Top of Dataset records

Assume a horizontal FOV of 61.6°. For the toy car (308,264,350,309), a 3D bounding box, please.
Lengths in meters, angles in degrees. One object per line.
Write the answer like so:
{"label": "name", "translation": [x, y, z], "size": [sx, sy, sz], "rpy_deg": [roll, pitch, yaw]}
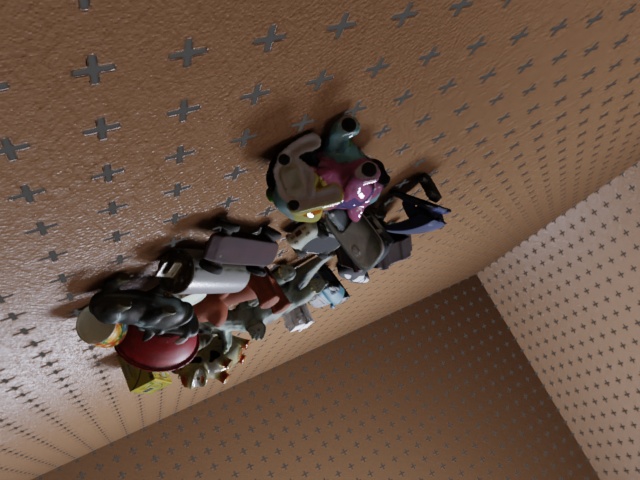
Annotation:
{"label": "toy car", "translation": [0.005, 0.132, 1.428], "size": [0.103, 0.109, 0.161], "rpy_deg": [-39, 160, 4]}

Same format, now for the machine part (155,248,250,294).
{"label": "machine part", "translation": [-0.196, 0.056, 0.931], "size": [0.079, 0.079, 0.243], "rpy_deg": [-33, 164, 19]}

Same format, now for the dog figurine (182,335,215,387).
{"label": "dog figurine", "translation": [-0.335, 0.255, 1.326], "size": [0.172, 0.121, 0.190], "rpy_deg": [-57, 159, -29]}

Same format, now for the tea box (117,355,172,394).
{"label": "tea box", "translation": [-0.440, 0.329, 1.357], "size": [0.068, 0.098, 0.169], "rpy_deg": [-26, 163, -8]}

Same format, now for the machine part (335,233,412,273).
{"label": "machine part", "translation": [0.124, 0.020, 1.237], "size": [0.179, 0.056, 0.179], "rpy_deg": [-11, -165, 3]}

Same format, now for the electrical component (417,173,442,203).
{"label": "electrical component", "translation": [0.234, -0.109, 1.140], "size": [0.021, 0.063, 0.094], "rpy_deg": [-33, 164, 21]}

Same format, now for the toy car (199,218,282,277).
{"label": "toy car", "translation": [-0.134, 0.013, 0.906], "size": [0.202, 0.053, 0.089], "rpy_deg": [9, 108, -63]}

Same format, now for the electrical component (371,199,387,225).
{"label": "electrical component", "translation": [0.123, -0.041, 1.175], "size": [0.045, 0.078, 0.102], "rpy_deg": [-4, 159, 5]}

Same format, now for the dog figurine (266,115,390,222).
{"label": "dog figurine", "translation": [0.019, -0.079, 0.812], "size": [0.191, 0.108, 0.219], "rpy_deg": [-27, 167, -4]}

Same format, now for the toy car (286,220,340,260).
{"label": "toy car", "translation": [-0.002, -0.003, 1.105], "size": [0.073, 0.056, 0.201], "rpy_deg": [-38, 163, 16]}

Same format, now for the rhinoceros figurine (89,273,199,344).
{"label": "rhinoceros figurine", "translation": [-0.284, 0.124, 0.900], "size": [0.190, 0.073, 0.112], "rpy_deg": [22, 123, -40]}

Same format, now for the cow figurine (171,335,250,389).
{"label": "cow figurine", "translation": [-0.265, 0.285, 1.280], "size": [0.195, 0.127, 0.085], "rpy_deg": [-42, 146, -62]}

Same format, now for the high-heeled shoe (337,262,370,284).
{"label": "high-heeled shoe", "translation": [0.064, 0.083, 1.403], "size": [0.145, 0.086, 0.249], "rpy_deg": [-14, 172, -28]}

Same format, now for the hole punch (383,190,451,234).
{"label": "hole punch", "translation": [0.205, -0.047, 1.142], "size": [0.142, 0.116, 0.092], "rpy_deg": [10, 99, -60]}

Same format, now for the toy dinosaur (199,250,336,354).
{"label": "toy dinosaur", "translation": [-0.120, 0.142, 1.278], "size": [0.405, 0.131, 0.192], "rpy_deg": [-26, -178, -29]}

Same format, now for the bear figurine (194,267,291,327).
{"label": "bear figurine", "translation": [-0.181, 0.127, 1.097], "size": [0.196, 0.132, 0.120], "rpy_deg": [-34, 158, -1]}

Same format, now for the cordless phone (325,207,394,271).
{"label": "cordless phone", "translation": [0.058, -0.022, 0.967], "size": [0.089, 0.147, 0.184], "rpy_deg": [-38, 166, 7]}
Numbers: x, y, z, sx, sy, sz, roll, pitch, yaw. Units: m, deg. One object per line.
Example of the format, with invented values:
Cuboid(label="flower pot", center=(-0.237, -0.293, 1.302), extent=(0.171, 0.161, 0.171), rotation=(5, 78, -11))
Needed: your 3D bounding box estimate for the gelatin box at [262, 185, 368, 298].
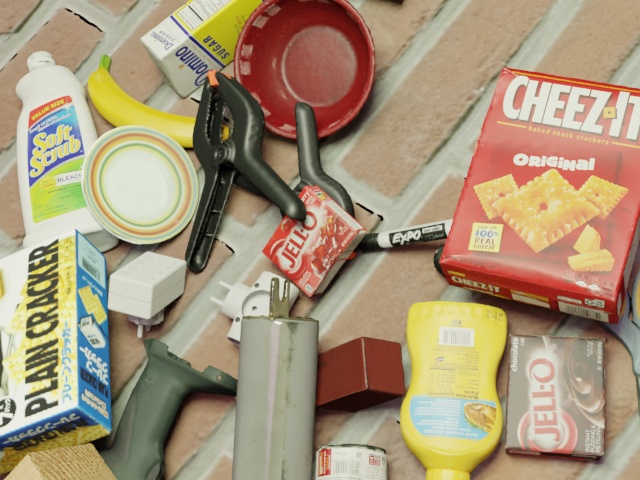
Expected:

Bottom of Dataset records
Top of Dataset records

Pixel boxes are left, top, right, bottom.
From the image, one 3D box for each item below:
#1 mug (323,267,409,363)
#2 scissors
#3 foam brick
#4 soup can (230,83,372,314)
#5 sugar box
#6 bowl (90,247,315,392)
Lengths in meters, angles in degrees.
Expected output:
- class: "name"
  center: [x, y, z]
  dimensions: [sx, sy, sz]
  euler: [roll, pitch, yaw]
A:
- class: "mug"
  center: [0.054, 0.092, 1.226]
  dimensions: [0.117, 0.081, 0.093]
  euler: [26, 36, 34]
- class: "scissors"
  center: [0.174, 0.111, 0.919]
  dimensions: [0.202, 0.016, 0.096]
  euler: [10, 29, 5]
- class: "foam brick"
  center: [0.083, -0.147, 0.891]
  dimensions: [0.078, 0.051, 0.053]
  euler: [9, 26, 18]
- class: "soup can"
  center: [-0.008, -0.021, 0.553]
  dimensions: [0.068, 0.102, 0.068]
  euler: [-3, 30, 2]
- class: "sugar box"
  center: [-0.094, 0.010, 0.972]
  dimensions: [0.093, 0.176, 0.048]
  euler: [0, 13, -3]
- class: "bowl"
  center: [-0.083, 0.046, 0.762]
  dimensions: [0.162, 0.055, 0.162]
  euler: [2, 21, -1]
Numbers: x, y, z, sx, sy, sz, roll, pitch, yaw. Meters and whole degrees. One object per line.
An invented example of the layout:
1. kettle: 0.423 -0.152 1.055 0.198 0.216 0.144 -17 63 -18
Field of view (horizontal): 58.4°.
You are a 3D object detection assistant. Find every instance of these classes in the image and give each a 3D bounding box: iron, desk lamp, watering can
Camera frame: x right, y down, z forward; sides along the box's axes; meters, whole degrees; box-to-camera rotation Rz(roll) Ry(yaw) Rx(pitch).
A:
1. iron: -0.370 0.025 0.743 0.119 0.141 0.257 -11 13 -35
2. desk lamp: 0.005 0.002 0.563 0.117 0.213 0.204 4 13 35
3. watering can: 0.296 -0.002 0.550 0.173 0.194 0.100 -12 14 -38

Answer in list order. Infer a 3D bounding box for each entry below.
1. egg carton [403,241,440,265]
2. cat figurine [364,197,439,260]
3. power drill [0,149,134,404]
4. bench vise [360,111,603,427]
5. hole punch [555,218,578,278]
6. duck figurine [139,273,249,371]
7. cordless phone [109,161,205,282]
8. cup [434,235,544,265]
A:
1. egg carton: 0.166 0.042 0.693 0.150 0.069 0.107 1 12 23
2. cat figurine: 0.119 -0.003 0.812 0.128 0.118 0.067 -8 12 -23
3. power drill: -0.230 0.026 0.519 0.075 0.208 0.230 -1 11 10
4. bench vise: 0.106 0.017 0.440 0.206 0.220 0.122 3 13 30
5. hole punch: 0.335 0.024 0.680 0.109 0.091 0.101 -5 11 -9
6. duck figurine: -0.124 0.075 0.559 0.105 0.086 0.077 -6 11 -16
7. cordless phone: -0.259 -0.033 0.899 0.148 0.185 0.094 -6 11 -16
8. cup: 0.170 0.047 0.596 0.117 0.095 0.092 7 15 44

Bottom of Dataset records

=== Work request ===
In the data above, which lines lie between the line with "#6 bowl (90,247,315,392)" and the line with "euler: [roll, pitch, yaw]", inclusive? Print those lines exactly and nothing else.

=== Expected output ===
#6 bowl (90,247,315,392)
Lengths in meters, angles in degrees.
Expected output:
- class: "name"
  center: [x, y, z]
  dimensions: [sx, sy, sz]
  euler: [roll, pitch, yaw]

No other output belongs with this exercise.